INFORMATION GIVEN Start Marker
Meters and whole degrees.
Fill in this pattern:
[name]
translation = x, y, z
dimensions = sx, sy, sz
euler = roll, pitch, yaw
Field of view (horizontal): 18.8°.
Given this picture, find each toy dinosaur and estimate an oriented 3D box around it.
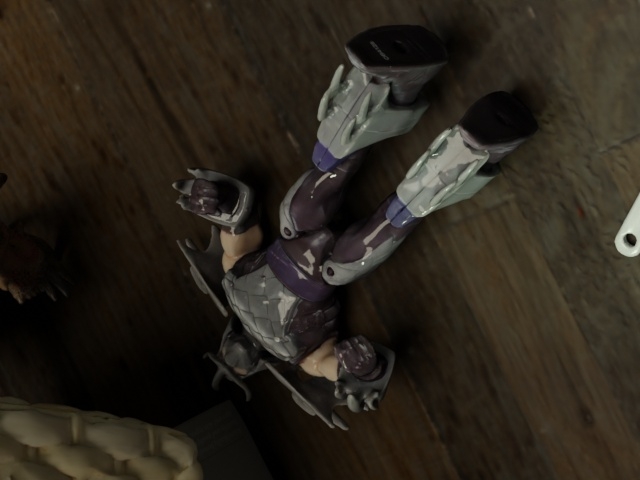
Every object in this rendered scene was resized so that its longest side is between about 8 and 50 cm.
[toy dinosaur]
translation = -0.269, 0.060, 1.328
dimensions = 0.295, 0.127, 0.200
euler = -1, 69, 57

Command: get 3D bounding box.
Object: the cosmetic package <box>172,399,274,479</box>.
[cosmetic package]
translation = -0.150, 0.206, 1.299
dimensions = 0.238, 0.127, 0.107
euler = -32, 86, 33

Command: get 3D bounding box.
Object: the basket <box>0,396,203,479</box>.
[basket]
translation = -0.241, 0.265, 1.055
dimensions = 0.266, 0.331, 0.328
euler = -22, 65, 33

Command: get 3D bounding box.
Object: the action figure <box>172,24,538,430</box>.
[action figure]
translation = 0.000, 0.000, 1.159
dimensions = 0.185, 0.099, 0.285
euler = 43, 126, 8

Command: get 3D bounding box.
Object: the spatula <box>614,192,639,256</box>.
[spatula]
translation = 0.261, -0.057, 1.022
dimensions = 0.168, 0.019, 0.242
euler = 33, 120, 19
INFORMATION GIVEN End Marker
WHAT YOU ARE ASKED TO DO:
From the listing above, print every entry precisely and drop the pictures.

ANSWER SPACE:
Meters and whole degrees.
Fill in this pattern:
[name]
translation = x, y, z
dimensions = sx, sy, sz
euler = roll, pitch, yaw
Field of view (horizontal): 18.8°.
Given this picture, find each toy dinosaur and estimate an oriented 3D box around it.
Every object in this rendered scene was resized so that its longest side is between about 8 and 50 cm.
[toy dinosaur]
translation = -0.269, 0.060, 1.328
dimensions = 0.295, 0.127, 0.200
euler = -1, 69, 57

Command: get 3D bounding box.
Object: the cosmetic package <box>172,399,274,479</box>.
[cosmetic package]
translation = -0.150, 0.206, 1.299
dimensions = 0.238, 0.127, 0.107
euler = -32, 86, 33

Command: get 3D bounding box.
Object: the basket <box>0,396,203,479</box>.
[basket]
translation = -0.241, 0.265, 1.055
dimensions = 0.266, 0.331, 0.328
euler = -22, 65, 33

Command: get 3D bounding box.
Object: the action figure <box>172,24,538,430</box>.
[action figure]
translation = 0.000, 0.000, 1.159
dimensions = 0.185, 0.099, 0.285
euler = 43, 126, 8

Command: get 3D bounding box.
Object: the spatula <box>614,192,639,256</box>.
[spatula]
translation = 0.261, -0.057, 1.022
dimensions = 0.168, 0.019, 0.242
euler = 33, 120, 19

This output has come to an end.